Sanders lost the 2016 nomination because of Hillary Clinton’s advantage among non-white Democrats. Since then, Sanders has deepened his ties among Latinos, African Americans and other non-whites. Warren and Buttigieg are still chasing that success. Sanders’ advisers believe the senator is well-positioned to challenge Biden among non-whites if he’s able to build early momentum in New Hampshire and Iowa, where Sanders will spend New Year’s Eve. If they’re right, that would open avenues to delegates Sanders didn’t get in 2016.
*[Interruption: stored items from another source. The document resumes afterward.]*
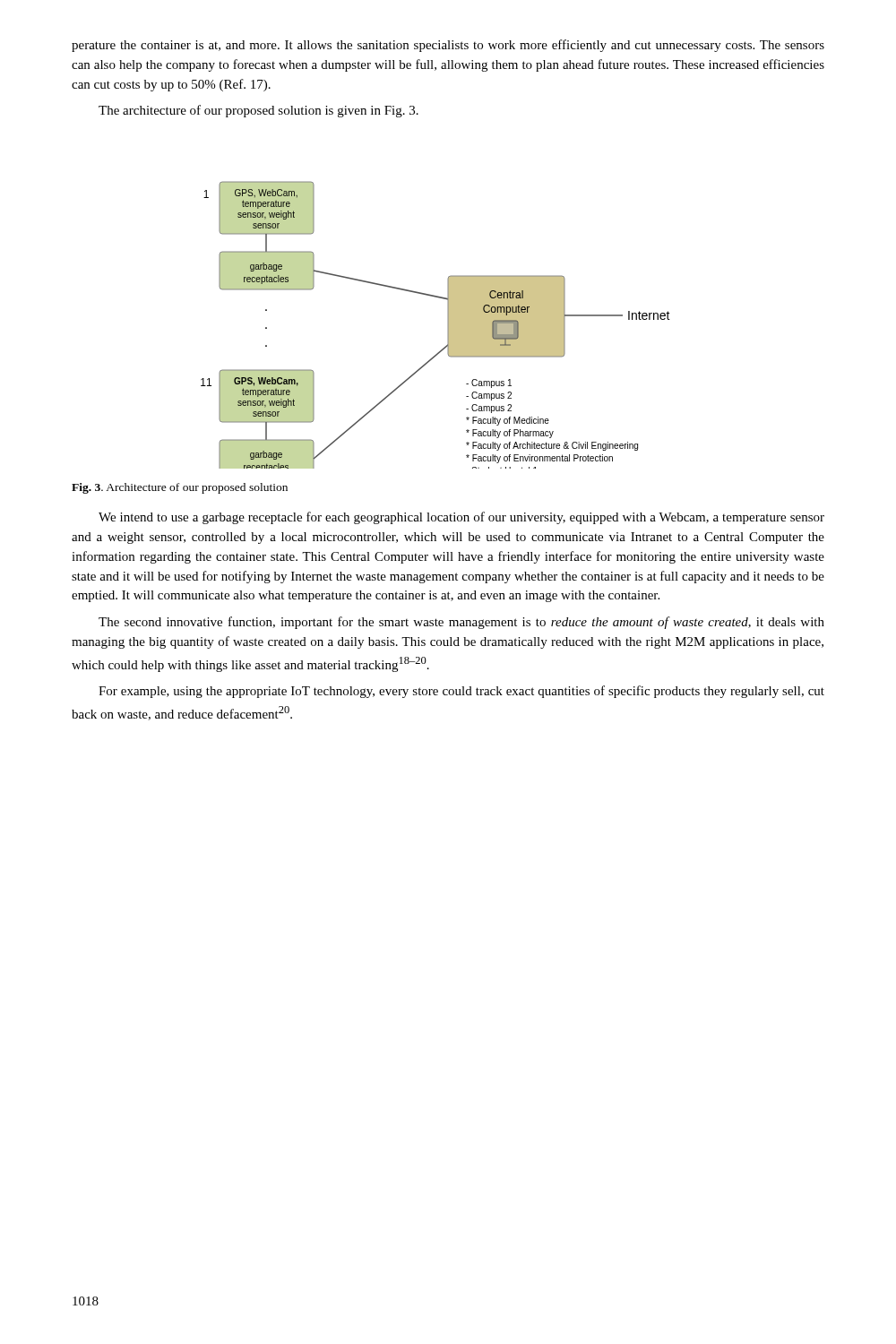Viewport: 896px width, 1344px height.
Task: Where is the passage that starts "perature the container is at,"?
Action: (x=448, y=78)
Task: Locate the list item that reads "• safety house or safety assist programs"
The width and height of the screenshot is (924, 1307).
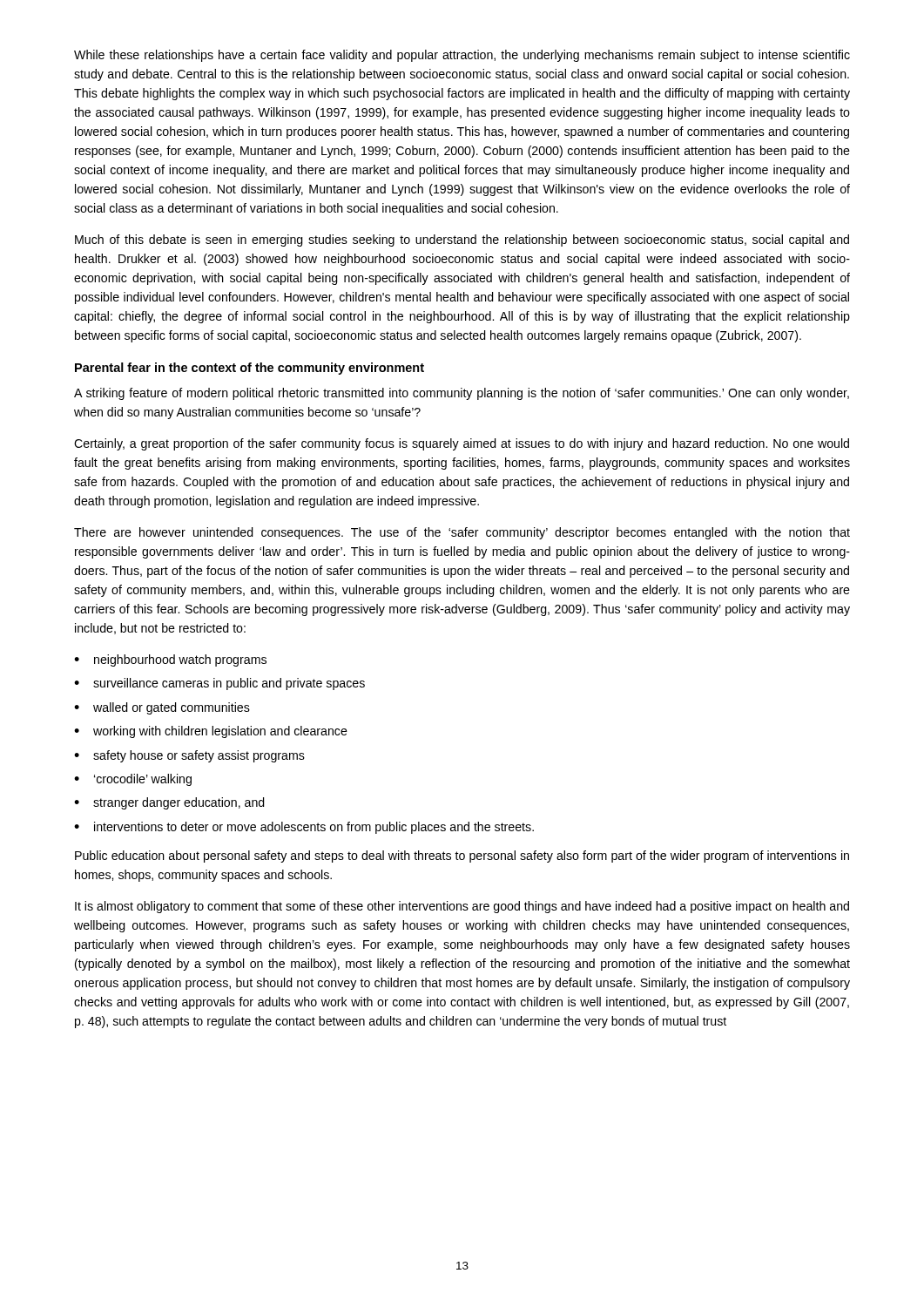Action: pos(189,756)
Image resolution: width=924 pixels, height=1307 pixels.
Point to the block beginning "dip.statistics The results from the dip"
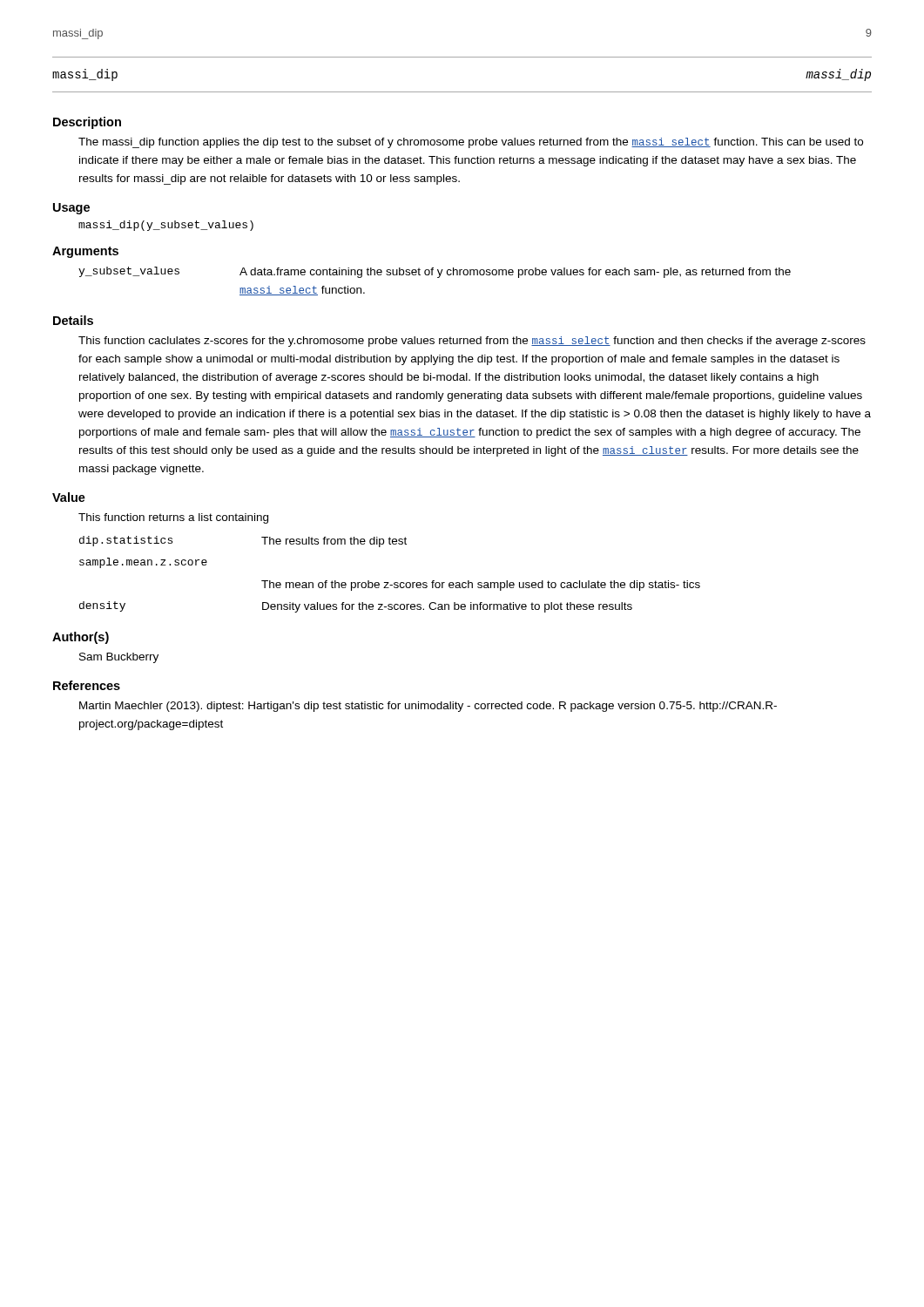pos(475,574)

Is Trump’s position improving?
The president has never been popular judged in a vacuum. In 2016, he won GOP primaries with pluralities and lost the general election popular vote. As president, he’s never reached majority job approval in Gallup’s polling. But he’s still hovering in the 40s, not far from where his immediate predecessors were 11 months before winning second terms. Impeachment proceedings haven’t affected Trump’s standing. Meanwhile, the same Democratic-run House that impeached him approved his new North America trade pact. Top-line economic numbers shine, even if the on-ground reality is uneven. And Trump could be on the cusp of a peace deal in Afghanistan after the Taliban ruling council on Sunday agreed to a temporary cease-fire. As frenetic as Trump’s messaging is, he proved in 2016 that he relishes framing binary choices for voters, and he’s more than convinced he has a case in 2020.
The final thought
Most voters are just tuning into a presidential race that’s raged for a year. They’ll find a Democratic contest featuring stark options on policy and personality, but lacking an undisputed favorite. Candidates are navigating primary politics: dancing along the progressive-liberal-moderate spectrum and carefully choosing when to go after each other. At the same time, Trump dominates the 2020 narrative, a fact demonstrated most recently as Biden spent two days talking about whether he’d testify in a Senate trial on Trump’s removal from office. It’s untidy enough for Trump’s reelection campaign to boast confidence and some Democrats to fret openly. History suggests, however, that all observers should respect the volatility. Indeed, incumbent presidents are difficult to beat. (Eight out of the last 11 who sought reelection won). But when they do lose, it’s nearly always to a challenger who emerged from the opposition party’s messy, even chaotic primary. Democrats’ chaos is just getting warmed up.